_Problem description_:
The lines to copy are those holding the string "whole" in the entries below.

_Exercise inputs_:
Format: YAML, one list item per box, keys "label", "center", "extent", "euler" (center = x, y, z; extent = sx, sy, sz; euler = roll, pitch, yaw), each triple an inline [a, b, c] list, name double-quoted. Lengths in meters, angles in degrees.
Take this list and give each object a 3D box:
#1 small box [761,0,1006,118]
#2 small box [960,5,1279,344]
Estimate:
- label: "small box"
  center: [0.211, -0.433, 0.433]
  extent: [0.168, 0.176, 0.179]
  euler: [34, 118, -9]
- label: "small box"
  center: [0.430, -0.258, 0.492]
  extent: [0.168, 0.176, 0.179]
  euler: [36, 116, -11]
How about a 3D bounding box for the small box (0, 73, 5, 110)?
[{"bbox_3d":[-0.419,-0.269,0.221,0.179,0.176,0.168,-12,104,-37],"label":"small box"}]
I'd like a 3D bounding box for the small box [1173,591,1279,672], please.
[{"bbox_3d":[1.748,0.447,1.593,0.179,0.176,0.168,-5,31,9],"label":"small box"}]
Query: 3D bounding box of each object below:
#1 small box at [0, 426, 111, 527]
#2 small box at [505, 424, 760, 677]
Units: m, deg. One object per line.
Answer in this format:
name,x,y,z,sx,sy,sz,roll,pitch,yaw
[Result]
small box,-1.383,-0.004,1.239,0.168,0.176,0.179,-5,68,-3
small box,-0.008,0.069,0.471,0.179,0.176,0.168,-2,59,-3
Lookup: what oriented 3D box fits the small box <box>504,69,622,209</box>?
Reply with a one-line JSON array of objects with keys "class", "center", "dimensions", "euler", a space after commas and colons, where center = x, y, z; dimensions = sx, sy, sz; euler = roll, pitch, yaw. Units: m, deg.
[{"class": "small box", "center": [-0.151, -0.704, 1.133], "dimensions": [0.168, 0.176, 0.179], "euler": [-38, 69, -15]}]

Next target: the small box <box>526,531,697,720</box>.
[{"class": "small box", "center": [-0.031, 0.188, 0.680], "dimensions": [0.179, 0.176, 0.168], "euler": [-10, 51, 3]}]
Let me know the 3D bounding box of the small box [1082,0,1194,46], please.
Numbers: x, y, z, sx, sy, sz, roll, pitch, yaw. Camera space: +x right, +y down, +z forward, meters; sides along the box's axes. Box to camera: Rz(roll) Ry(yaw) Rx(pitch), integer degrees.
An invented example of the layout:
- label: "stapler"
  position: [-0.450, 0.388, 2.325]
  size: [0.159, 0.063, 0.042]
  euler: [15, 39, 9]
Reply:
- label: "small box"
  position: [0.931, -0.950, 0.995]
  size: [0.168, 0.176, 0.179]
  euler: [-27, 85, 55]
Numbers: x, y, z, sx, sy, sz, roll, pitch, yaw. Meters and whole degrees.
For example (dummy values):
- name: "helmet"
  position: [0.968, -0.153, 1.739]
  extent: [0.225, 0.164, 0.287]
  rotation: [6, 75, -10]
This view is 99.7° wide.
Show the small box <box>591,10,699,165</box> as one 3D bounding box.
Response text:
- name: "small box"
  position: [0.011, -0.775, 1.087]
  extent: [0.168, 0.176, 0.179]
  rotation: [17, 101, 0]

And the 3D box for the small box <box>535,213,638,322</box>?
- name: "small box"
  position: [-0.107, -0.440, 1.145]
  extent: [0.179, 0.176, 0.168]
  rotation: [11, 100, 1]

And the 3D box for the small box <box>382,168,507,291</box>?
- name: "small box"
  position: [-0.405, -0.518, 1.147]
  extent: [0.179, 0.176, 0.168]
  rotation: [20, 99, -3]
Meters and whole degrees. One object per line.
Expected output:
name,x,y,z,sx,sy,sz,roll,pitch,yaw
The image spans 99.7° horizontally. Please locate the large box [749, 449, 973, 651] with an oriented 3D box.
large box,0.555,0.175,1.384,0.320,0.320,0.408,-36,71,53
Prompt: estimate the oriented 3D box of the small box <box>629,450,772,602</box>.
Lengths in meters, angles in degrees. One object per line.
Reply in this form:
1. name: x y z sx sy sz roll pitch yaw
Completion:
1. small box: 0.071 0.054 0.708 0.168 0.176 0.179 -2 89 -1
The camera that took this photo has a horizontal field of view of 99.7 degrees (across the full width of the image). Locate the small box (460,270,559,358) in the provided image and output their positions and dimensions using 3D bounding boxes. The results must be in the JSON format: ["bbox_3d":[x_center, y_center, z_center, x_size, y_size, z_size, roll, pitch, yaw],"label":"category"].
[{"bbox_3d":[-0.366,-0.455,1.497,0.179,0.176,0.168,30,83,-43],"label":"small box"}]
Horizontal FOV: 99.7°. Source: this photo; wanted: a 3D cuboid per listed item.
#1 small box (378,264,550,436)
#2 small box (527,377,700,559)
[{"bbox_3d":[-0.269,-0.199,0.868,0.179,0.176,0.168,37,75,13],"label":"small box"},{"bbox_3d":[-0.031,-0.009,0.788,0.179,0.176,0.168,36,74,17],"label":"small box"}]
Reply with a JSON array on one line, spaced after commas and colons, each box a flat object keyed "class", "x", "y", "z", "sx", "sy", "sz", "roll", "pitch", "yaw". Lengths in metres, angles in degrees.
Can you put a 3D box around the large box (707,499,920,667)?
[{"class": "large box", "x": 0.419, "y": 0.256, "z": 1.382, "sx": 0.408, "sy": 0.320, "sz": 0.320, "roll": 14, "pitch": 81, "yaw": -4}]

_Answer space_:
Numbers: x, y, z, sx, sy, sz, roll, pitch, yaw. Meters and whole degrees.
Meters and whole degrees. One object per line.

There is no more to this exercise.